『フリースタイルダンジョン』3rd SeasonのRec7-2。

深夜の名バトルすごかった。

審査方法を練り直すほうがいいんじゃないかと思っちゃうほどの熱戦であった。
進化していくチャレンジャーのバトルをもっと観たかったなー。

前回、1stBattleのCHICO CARLITOと漢a.k.a.GAMI、2ndBattleのTKda黒ぶちを打ち破った戦極ライマーズ。
9for
MC KUREI
SAM
の3人である。
「フリースタイルダンジョン」大熱戦、審査方法がそろそろ限界じゃないかな
フリースタイルイラスト/小西りえこ

チャレンジャーがモンスターに挑戦して勝ち抜けば賞金100万円の即興のラップバトル番組。
即興で、韻を踏みながら、言葉とリズムを相手にぶつける8小節3ターンの勝負だ。
3本勝負、2本先取で勝利。
ただし、判定が全員一致するとクリティカルとなり即勝利確定である。

3rdBattleは3on3。
モンスターは、R-指定とT-Pablowとサイプレス上野。
チャレンジャーが、組む相手を指定してくると、R-指定が「まあまあ始まってから、それは。
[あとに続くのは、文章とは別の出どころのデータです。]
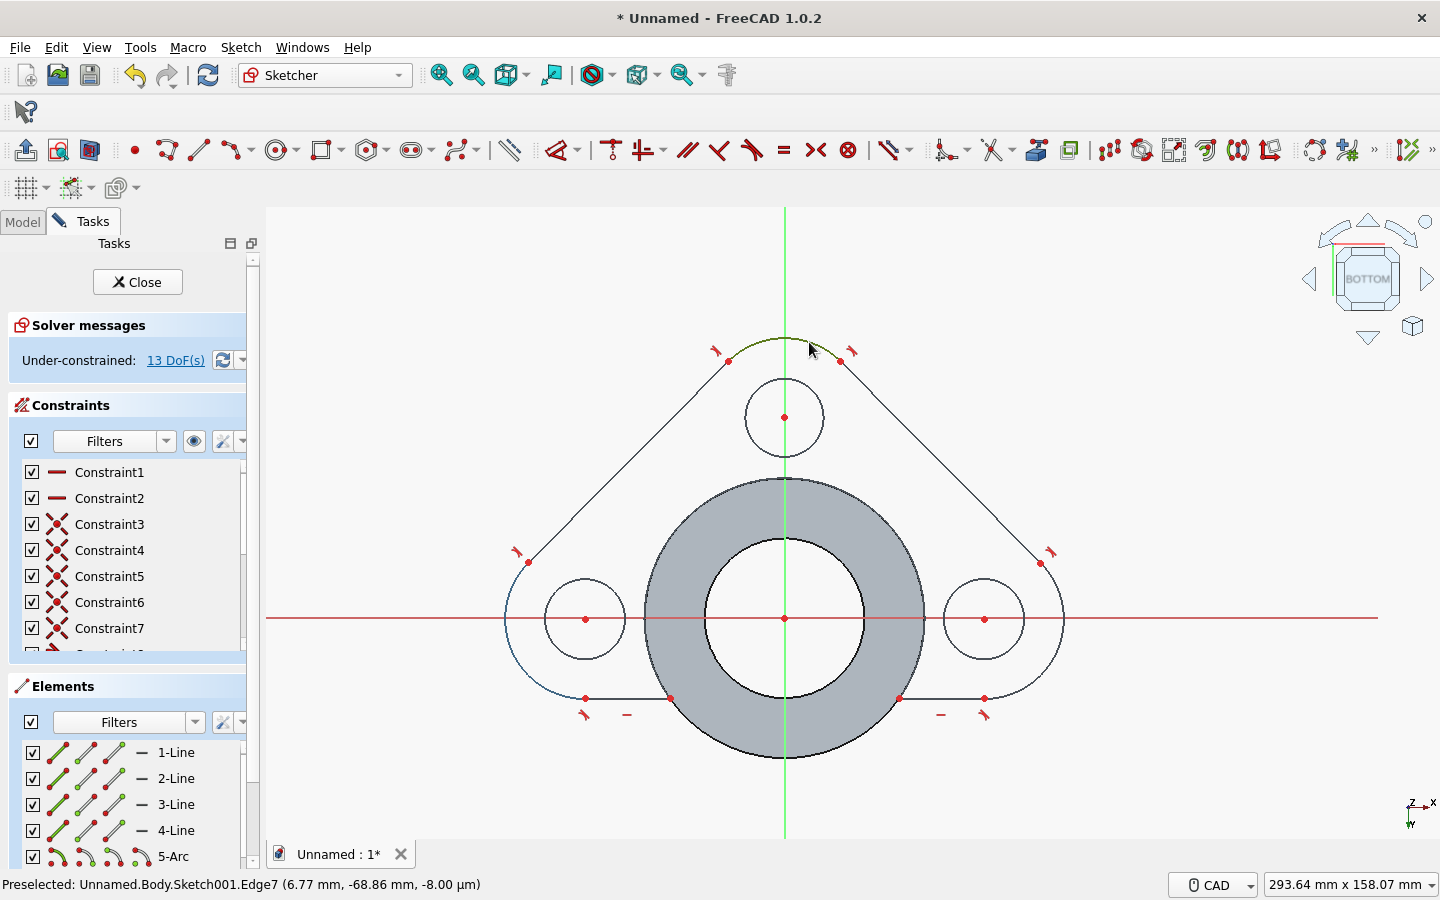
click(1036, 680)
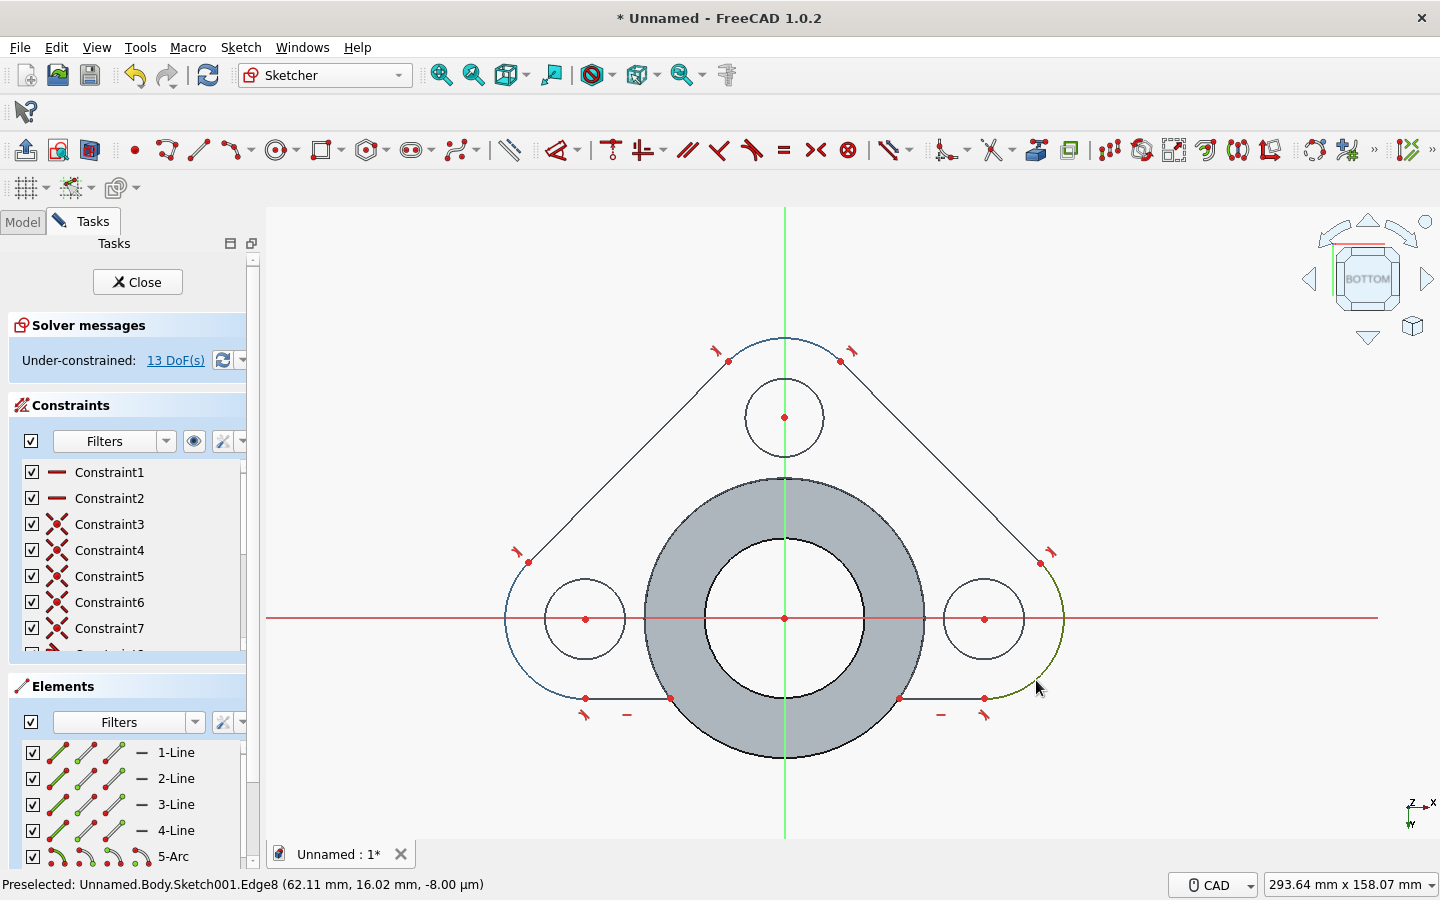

流れやからセックスと一緒で」と語る。


ROUND1。
「ネタくさいライムばっか 9forのマイナス1で【コンプラ】振りかけてやろうかテメェ」
R-指定のコンプラは、おそらく「8×4」(エイトフォー)。汗ケア、花王の商品です。
このR-指定の「臭えんだこの野郎」ディスに、
「まぁ【コンプラ】かけられてもピースサイン足してもらえれば10になるから天に飛びたどうぜ」
と、きっちり足し算して返すパワーすげぇ。
「これ早口じゃなくてフロウって言うんだよ 分かるか? お前らとの違い 魅せてくこれはイージーゲーム 異次元に連れてくお前らのBGM」
と、T-Pablowの速射砲のようなフロウ。
そう、この3on3、韻の対決はもちろん、フロウの変化が波乱万丈、各人のフロウ・バリエーションを見せつける戦いでもあった。
「地下のユートピア」「ミラノ風ドリア」「みんなぶっ飛びな」とガッチリ韻を踏んできた戦極ライマーズに、
サ上さんが「ミラノ風ドリア こいつら激安の【コンプラ】」と返す。
サ上さんのコンプラは、「サイゼリヤ」か?
どちらのチームも、韻の組み立てがコンプレックスにがっちりぐるぐる組み立てられていて、この人たちどれだけ言語中枢フルスロットルなんだ。
ROUND1の判定は、モンスター3、チャレンジャー2でモンスターの勝利。

ROUND2もめちゃくちゃ熱戦。
最後に9forが「この差 くたばれバカ 髪の毛見てても砂かけ婆」なんてディスって、これにはR-指定も苦笑い。
1対4でチャレンジャー勝利。

Lilyさんが「Rさんは「さん」づけて、サ上に南京錠とかサ上さんは「さん」がつかないんだ、って発見がありつつ」と余計なことを言ってw、
さらに「髪の毛、砂かけ婆って、あー本当だちょっと似てると思って」と、最近Lilyさんの審査ディスが強烈だ。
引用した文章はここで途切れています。